Acayip gizli bir örgüt var. Düşünün Sayın Cumhurbaşkanımız geçmişi bırakalım 17 Aralık’tan sonra bu paralel devlet yapılanması konusunda öylesine müteyakkız bir duruma geçti ve bütün devlette öylesi bir noktaya geldi ama buna rağmen başyaveri,Genelkurmay Başkanın özel kalem müdürü, emir subayı, korumaları, şoförü kendi hariç herkes onlardan ve kuşatma altında. Yani şimdi böyle bir yapı baktığınızda MİT Müsteşarına operasyon yapılıyor. MİT Müsteşarının kendine bırak sen şeyi kendine yapılan operasyondan haberi ancak tebligat kendine gelince oluyor. Yani çok gizli yöntemlerle çalışan ve çok rahat sızan güven kazanan ve sonra da kendisine talimat veren, talimatını yapan hani diyoruz ya bunlar haşhaşi esasında haşhaşilere rahmet okutacak derece de daha farklı bir yapı var. Ben ifade ettim Meclis’te herkese karşı takiyye yapıyorlar. Senin dünya görüşün neyse ondan olabiliyor. Benim ki neyse ondan olabiliyor kimliğini gizliyor, takiyye yapıyor. Hatta haşa Allah’a karşı bile takiyye yapabileceğini düşünecek kadar bir yapı böylesi bir yapıyla mücadele etmek son derece önemli ve zor bir iş. Onun için de bizim bu mücadelede hep beraber olmamız lazım. Devletin içerisinde hakim, savcı, asker, polis başka kamu görevlileri eğer anayasamıza, yasalarımıza, hukukumuza sadakatle milletine bağlılıkla hizmetlerini yürütmezlerse başımıza neler geleceğinin en son göstergesi olmuştur. Adeta Türk Silahlı Kuvvetleri’nin içerisinde Fethullah Gülen silahlı kuvvetleri oluşmuş durumda bunu gördük. O yargının içerisinde FETÖ yargısı oluşmuş onu gördük. Üniversitelerin içerisinde FETÖ’nün üniversitesi, medyanın içerisinde böylesi her alanda bir ilden ilçeden, beldeden köye kadar gidene kadar örgütlenmiş. Her ülkede adeta büyükelçilikler gibi yapılanmış okullar vasıtasıyla devasa bir yapı var. Şimdi bu yapı karşısında bir ülkenin tedbir alması ve bu tedbirler konusunda herkesten anlayış beklemesi doğaldır. Eğer biz devletin içerisinde Anayasamıza, yasalarımıza ve hukuka sağdık olmayan kişileri temizlemezsek bundan sonra Türkiye’de benzer başka Fethullah Gülen terör örgütü gibi başka terör örgütleri de çıkabilir. Bu örgüt yeniden canlanabilir.
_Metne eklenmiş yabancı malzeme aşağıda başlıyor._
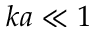Convert formula to latex. <formula><loc_0><loc_0><loc_500><loc_500>k a \ll 1</formula> 
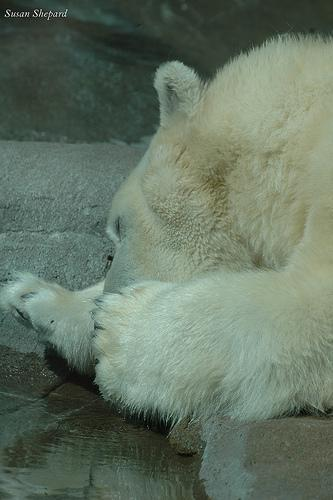Question: what is the polar bear doing?
Choices:
A. Growling.
B. Playing.
C. Sleeping.
D. Running.
Answer with the letter. Answer: C Question: why is the polar bear laying down?
Choices:
A. To eat.
B. He is playing.
C. To rest.
D. To stalk prey.
Answer with the letter. Answer: C Question: what color are the rocks?
Choices:
A. Gray.
B. White.
C. Brown.
D. Black.
Answer with the letter. Answer: A Question: what animal is in the picture?
Choices:
A. Zebra.
B. Giraffe.
C. Elephant.
D. Polar bear.
Answer with the letter. Answer: D Question: where is the polar bear's left foot?
Choices:
A. On a rock.
B. On its face.
C. In the grass.
D. In the water.
Answer with the letter. Answer: B

OHAL KARARNAMESİNİN VERECEĞİ İMKAN VE YETKİLER
Bu örgüt yeniden canlanabilir. Kararnamede bunlara dahil usuller ortaya konacaktır. Ayrıca şu anda devam eden soruşturmalar var ve yine disiplin hükümlerimiz var bizim ve bu OHAL kararnamesinin vereceği imkan ve yetkiler olacaktır, bu çerçevede bunlar yürüyecektir ve amacı da emin olun inanarak söylüyorum demokrasimizi korumaktır, hukuk devletimizi korumaktır, milli irademizi korumaktır bunlarda bağlılığı sadakati ortadan kalkmış bir terör örgütüne bağlılığı her şeyin üstünde tutan bir yapı yani sizin kardeşiniz size karşı, sizin babanıza karşısınız, siz çocuğunuza karşısınız yani öyle bir yapı var ki babayı evlada , evladı babaya, kardeşi kardeşe silah çekecek gözü kırpmadan onu alıp bir kenara itecek kadar bir gözü dönmüşlüğe götürmüş. Bunu yaparken de cennete gideceğini düşünüyor, yani şu anda IŞİD nasıl canlı bomba olup canlı bomba bir sürü masum insanı öldürürken cennete gideceğini inanıyorsa böyle büyük bir sapıklığın içindeyse bunların sapıklığının ondan bir farkı yok, öyle inanmış öyle inandırılmış. Onun için bizim mücadele edeceğimiz yapı öyle gözle görülür bir yapı değil. Gözle görülür bir yapı olmadığı içinde bizim bunlarla mücadele ederken çok dikkatli olmamız kılı kırk yarmamız gerekir, bizde hükümet olarak bunu yapıyoruz.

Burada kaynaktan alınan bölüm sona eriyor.